The approach presented herein may include a parsing module, a phrase decomposition module, a phrase determination module, and a probability determination module. Each of the modules may be stored in memory of a computer system and under the operational control of a processing circuit. The memory may also include a copy of a document to be parsed as well as a vocabulary collection to be used in new term extraction analysis.
For instance, at a document parsing phase, a document that is readable by a document parsing module in a computer system may have its text parsed such that potential new terms are identified. The new terms may be comprised of phrases of words which may be referred to as n-gram phrases or n-grams.
At a phrase decomposition phase, each n-gram phrase may be broken down or decomposed into several bi-gram phrases. For instance, if n=3, a set of two (2) bi-gram phrases may be decomposed therefrom. The bi-grams include all possible combinations of two part phrases that can be culled from the 3-gram phrase in this instance. Consider the phrase comprised of (a,b,c). This 3-gram phrase can be decomposed into the following bi-gram two part phrases: (a,bc) and (ab,c).
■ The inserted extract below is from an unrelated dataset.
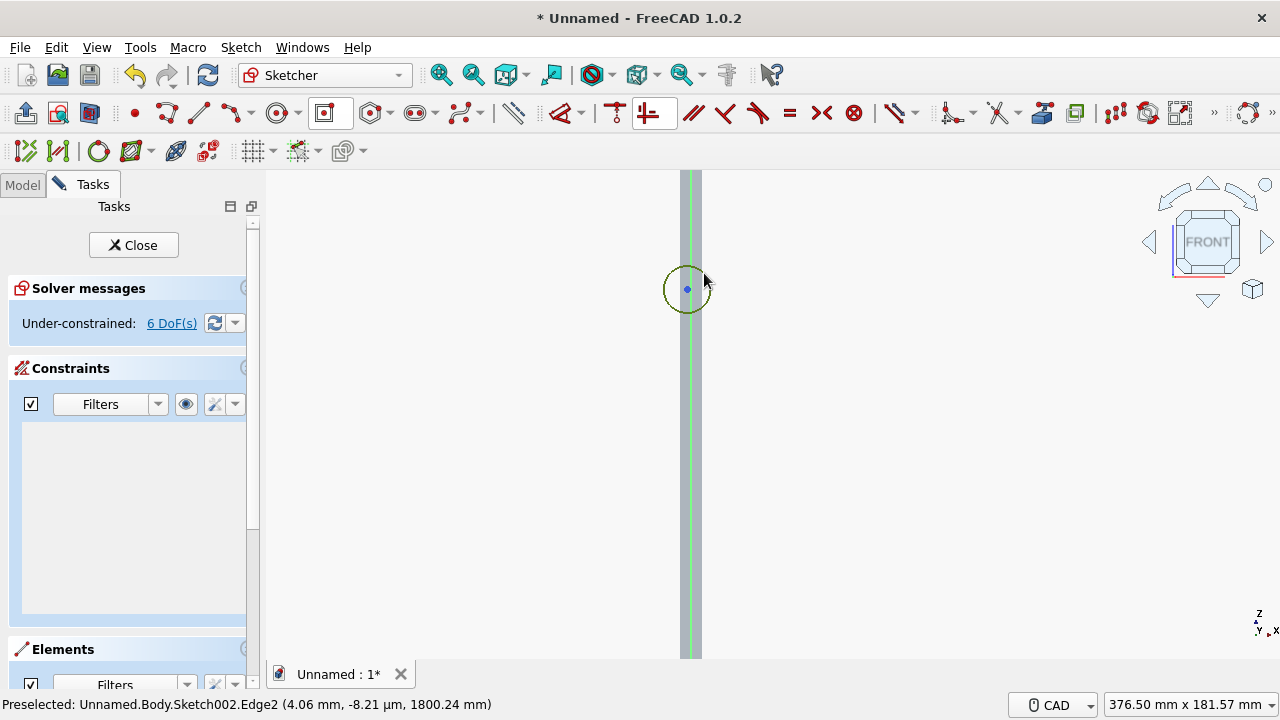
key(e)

At a phrase determination phase, each of the above identified bi-grams is searched within a vocabulary collection to determine if the one or both of the phrase parts are present in the vocabulary collection. The search may be restricted to vocabulary collection phrases that exhibit a similarity to the bi-gram phrase parts.
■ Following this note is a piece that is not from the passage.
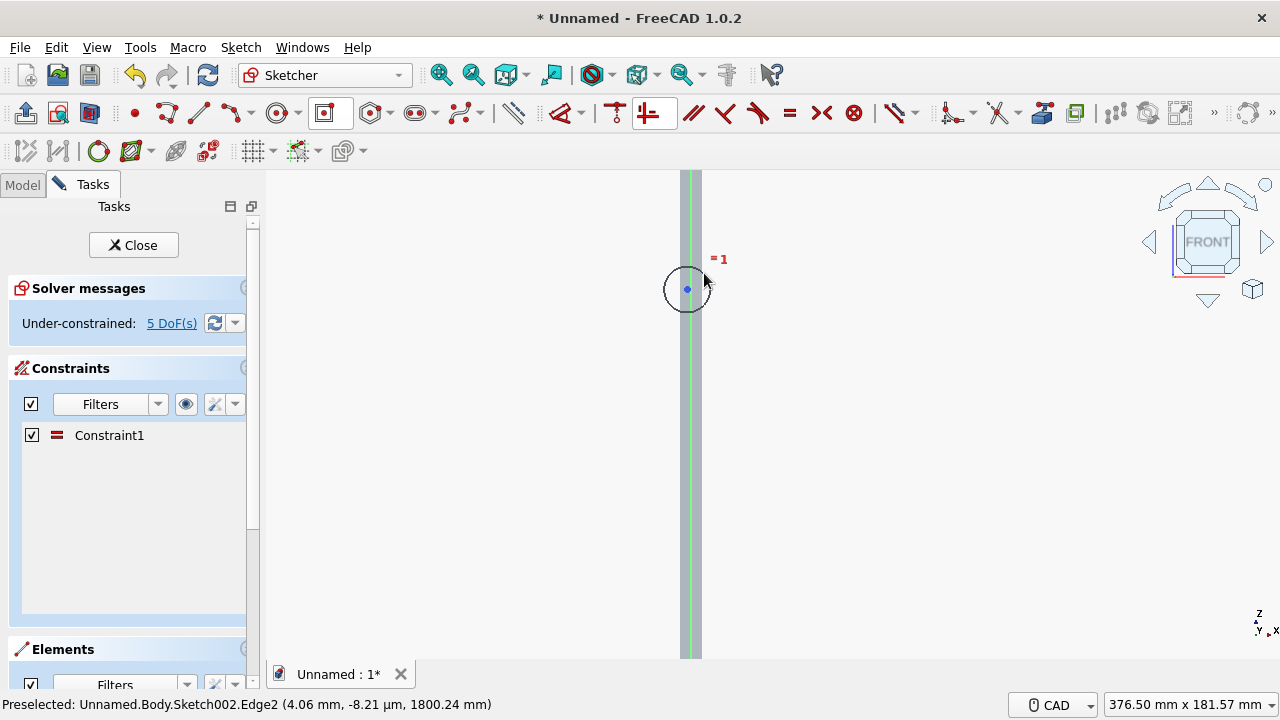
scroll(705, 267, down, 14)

At a probability determination phase, bi-gram phrases and vocabulary collection phrases may be subjected to a probability model to determine whether the bi-gram phrases that do not already have an exact match in the vocabulary collection should be added to the vocabulary collection.
Reference is now made to the drawings, wherein like reference numerals are used to refer to like elements throughout. In the following description, for purposes of explanation, numerous specific details are set forth in order to provide a thorough understanding thereof. It may be evident, however, that the novel embodiments can be practiced without these specific details. In other instances, well known structures and devices are shown in block diagram form in order to facilitate a description thereof. The intention is to cover all modifications, equivalents, and alternatives falling within the spirit and scope of the claimed subject matter.
A document 105 may be input into the computer system 120 via an interface 115 to be stored in memory 125. The interface 125 may be a scanner interface capable of converting a paper document to an electronic document. Alternatively, the document 105 may be received by the computer system 120 in an electronic format via any number of known techniques and placed in memory 135. Similarly, a vocabulary collection 110 may be obtained from an outside source and loaded into memory 135 by means that are generally known in the art of importing data into a computer system 120.
The memory 135 may be of any type suitable for storing and accessing data and applications on a computer. The memory 135 may be comprised of multiple separate memory devices that are collectively referred to herein simply as “memory 135”. Memory 135 may include, but is not limited to, hard drive memory, external flash drive memory, internal read access memory (RAM), read-only memory (ROM), cache memory etc. The memory 135 may store a new term extraction application 140 including a parsing module 145, a phrase decomposition module 150, a phrase determination module 155, and a probability determination module 160 that when executed by the processor circuit 130 can execute instructions to carry out the term extraction process. For instance, the parsing module 145 may parse the document 105 into n-gram phrases that may be indicative of new terms. The phrase decomposition module 150 may decompose n-gram phrases parsed from document 105 into a series of bi-gram phrases, each bi-gram comprised of first and second phrase parts. The phrase determination module 155 may search each of the above identified bi-grams within a vocabulary collection 110 to determine if the one or both of the phrase parts are present in the vocabulary collection 110. The search may be restricted to vocabulary collection phrases that exhibit a similarity to the bi-gram phrase parts. The probability determination module 160 may apply a probability calculation to determine a probability that a bi-gram or a bigram phrase part belongs in the vocabulary collection 110.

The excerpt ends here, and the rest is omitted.